Each planar inductance coil 4 corresponds to the armature winding axis of the motor stator tooth, namely, the axis 12 of each planar inductance coil 4 is fixed on the surface of the permanent magnet synchronous motor stator tooth in a layout mode of aligning with the armature winding axis of the motor stator tooth. The inductance change rule of the a-phase, B-phase and C-phase windings formed by the 3 planar inductance coils 4 is consistent with the inductance change rule of the A-phase, B-phase and C-phase windings of the tooth armature windings of the motor stator.

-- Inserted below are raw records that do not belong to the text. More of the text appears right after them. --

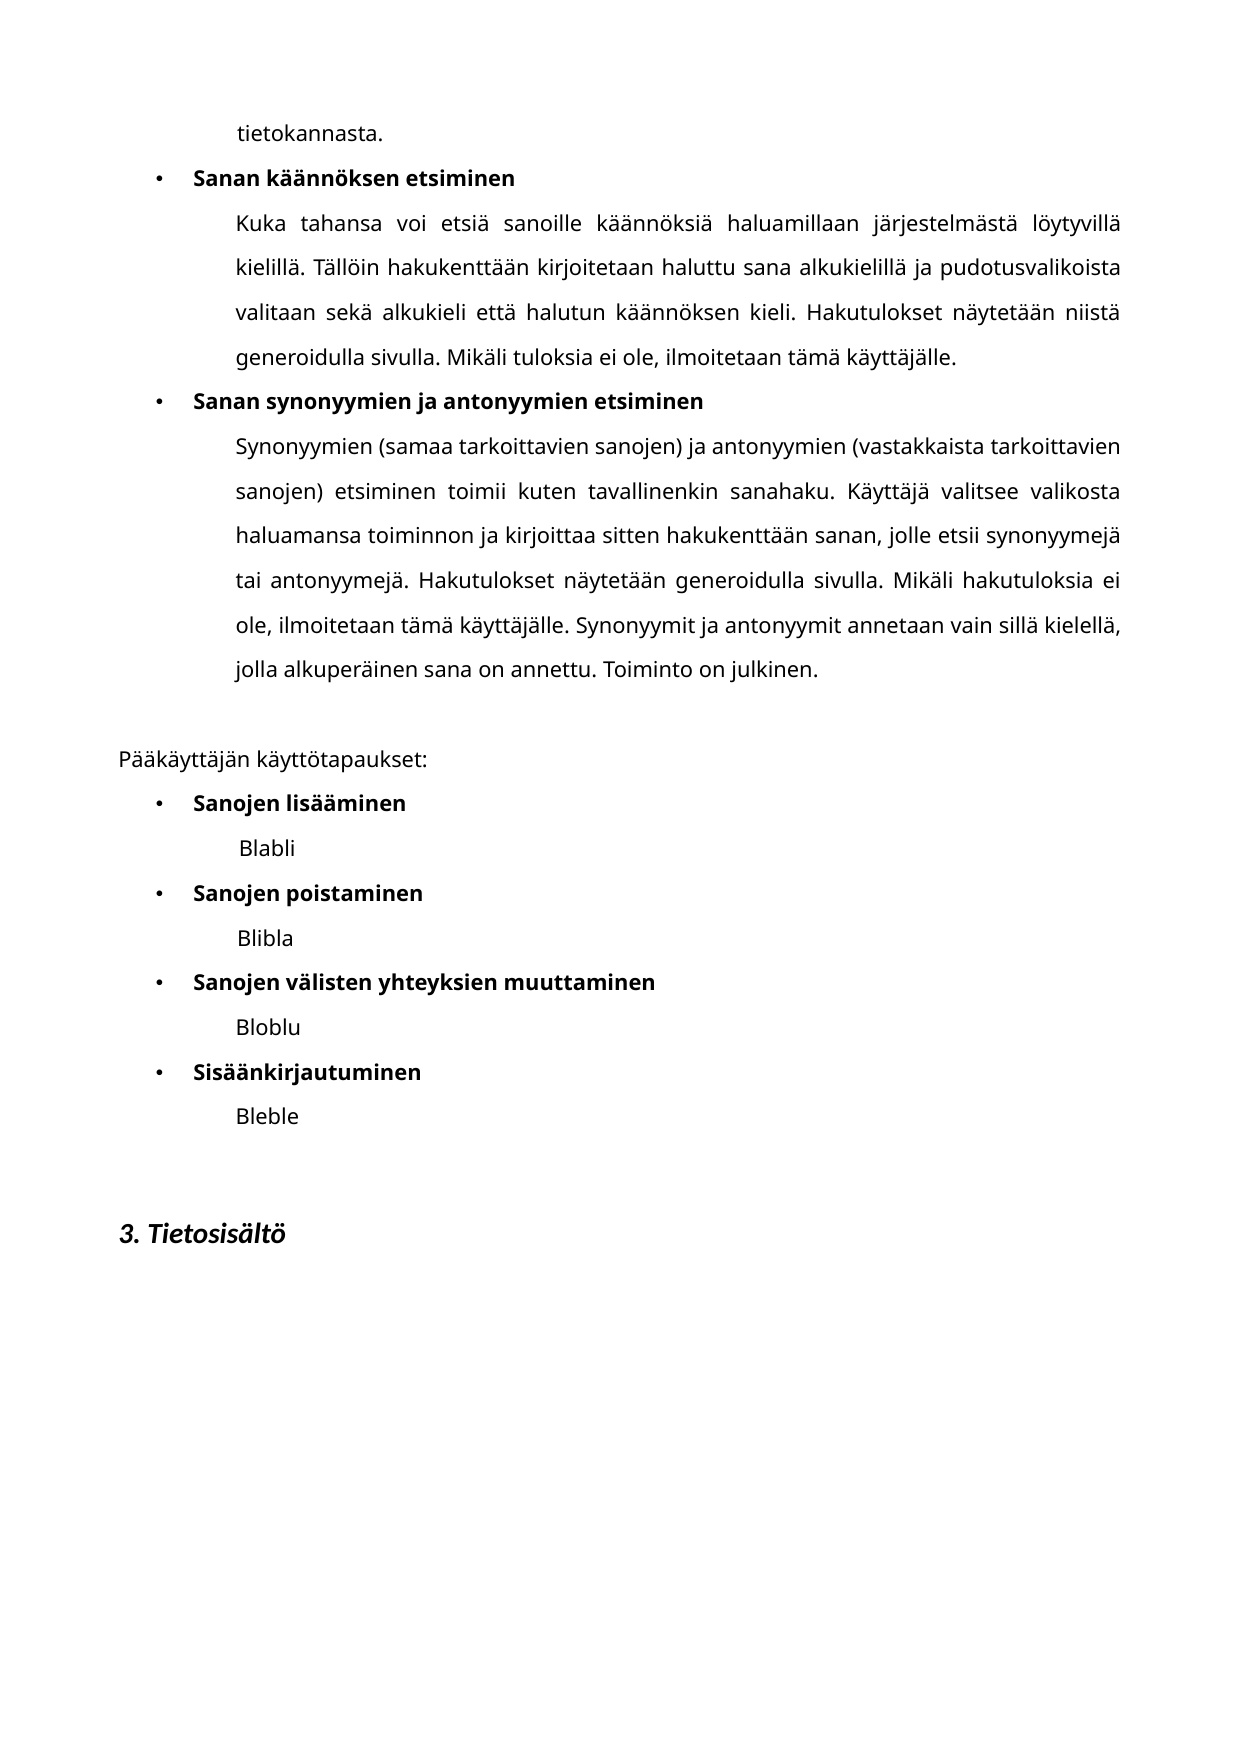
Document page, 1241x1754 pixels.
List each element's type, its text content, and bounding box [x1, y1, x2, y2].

list Sanan käännöksen etsiminen [156, 163, 1122, 193]
text Blibla [237, 922, 1122, 952]
list Sanojen lisääminen [156, 788, 1122, 818]
text Kuka tahansa voi etsiä sanoille käännöksiä haluamillaan järjestelmästä löytyvillä kielillä. Tällöin hakukenttään kirjoitetaan haluttu sana alkukielillä ja pudotusvalikoista valitaan sekä alkukieli että halutun käännöksen kieli. Hakutulokset näytetään niistä generoidulla sivulla. Mikäli tuloksia ei ole, ilmoitetaan tämä käyttäjälle. [235, 207, 1122, 371]
subtitle 3. Tietosisältö [118, 1216, 1122, 1251]
list Sisäänkirjautuminen [156, 1057, 1122, 1086]
text Pääkäyttäjän käyttötapaukset: [118, 744, 1122, 773]
list Sanojen välisten yhteyksien muuttaminen [156, 967, 1122, 997]
text Bloblu [235, 1012, 1122, 1042]
list Sanojen poistaminen [156, 878, 1122, 908]
text tietokannasta. [237, 118, 1122, 148]
list Sanan synonyymien ja antonyymien etsiminen [156, 386, 1122, 416]
text Synonyymien (samaa tarkoittavien sanojen) ja antonyymien (vastakkaista tarkoittavien sanojen) etsiminen toimii kuten tavallinenkin sanahaku. Käyttäjä valitsee valikosta haluamansa toiminnon ja kirjoittaa sitten hakukenttään sanan, jolle etsii synonyymejä tai antonyymejä. Hakutulokset näytetään generoidulla sivulla. Mikäli hakutuloksia ei ole, ilmoitetaan tämä käyttäjälle. Synonyymit ja antonyymit annetaan vain sillä kielellä, jolla alkuperäinen sana on annettu. Toiminto on julkinen. [235, 431, 1122, 684]
text Bleble [235, 1101, 1122, 1131]
text Blabli [237, 833, 1122, 863]
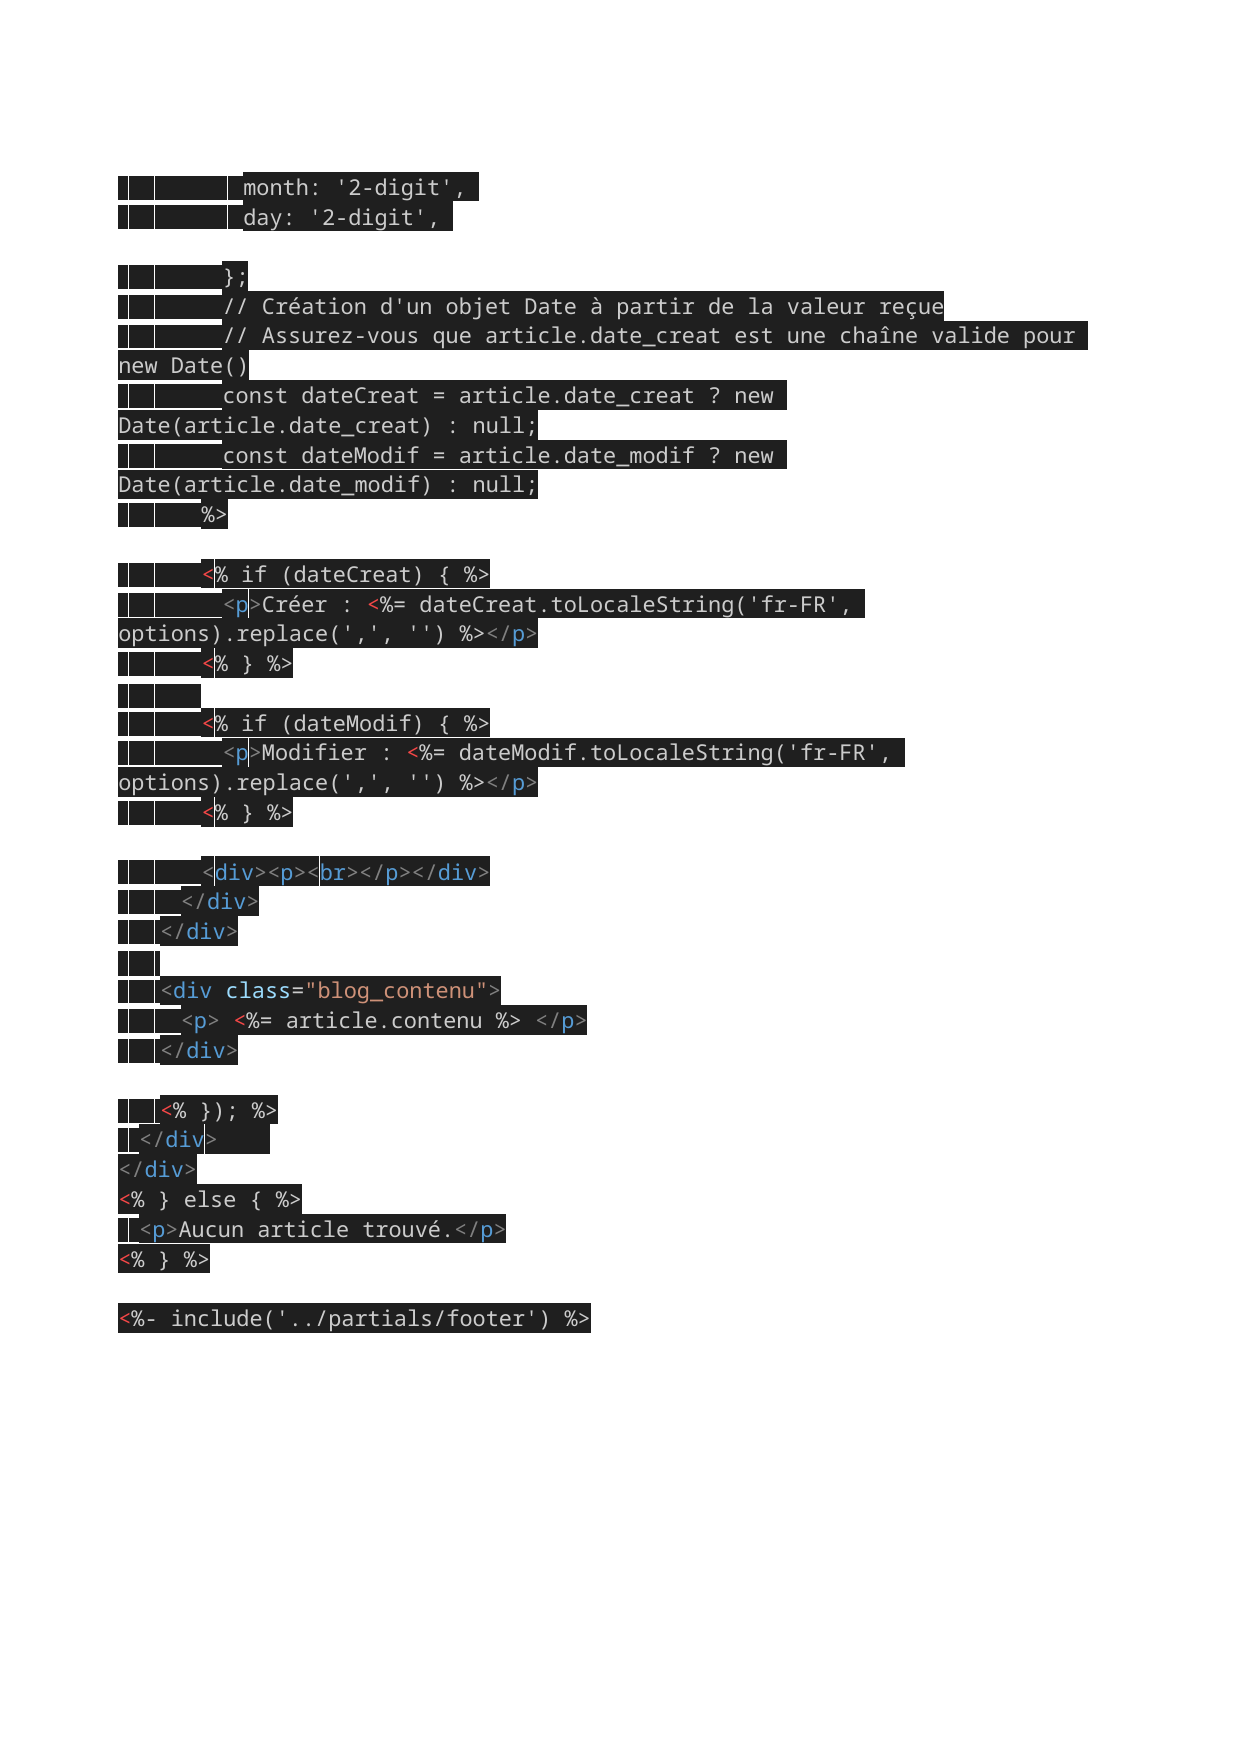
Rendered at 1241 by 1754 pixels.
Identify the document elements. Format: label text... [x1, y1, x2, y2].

As shown in fig. 4, the system for detecting the position of the rotor of the planar induction coil motor according to the present invention comprises a permanent magnet synchronous motor 3, a dc power supply 1 for supplying power to the permanent magnet synchronous motor 3 through an inverter 2, and a motor controller 8 connected to the inverter 2 for controlling the operation of the inverter 2, wherein the permanent magnet synchronous motor 3 is provided with a planar induction coil 4 for acquiring the position of the rotor of the permanent magnet synchronous motor 3 and displaying the position through an induction signal, an outgoing end of the planar induction coil 4 is connected to a signal gating circuit 6, and acquires a high-frequency sinusoidal signal sent by a high-frequency sinusoidal signal generating circuit 5 connected to the signal gating circuit 6 through the signal gating circuit 6, an outgoing end of the planar induction coil 4 is further connected to an effective value detecting circuit 7 for sending a signal obtained by coupling the induction signal and the high-frequency sinusoidal signal to the effective value detecting circuit 7, the output end of the effective value detection circuit 7 is connected with a motor controller 8 and used for sending the detected high-frequency voltage component effective value of each phase winding of the planar inductance coil 4 into the motor controller 8, the motor controller 8 controls the output of the inverter 2 according to the high-frequency voltage component effective value of each phase winding of the planar inductance coil 4, and the motor controller 8 is further connected with a signal gating circuit 6 and used for controlling the gating of different output signals of the signal gating circuit 6.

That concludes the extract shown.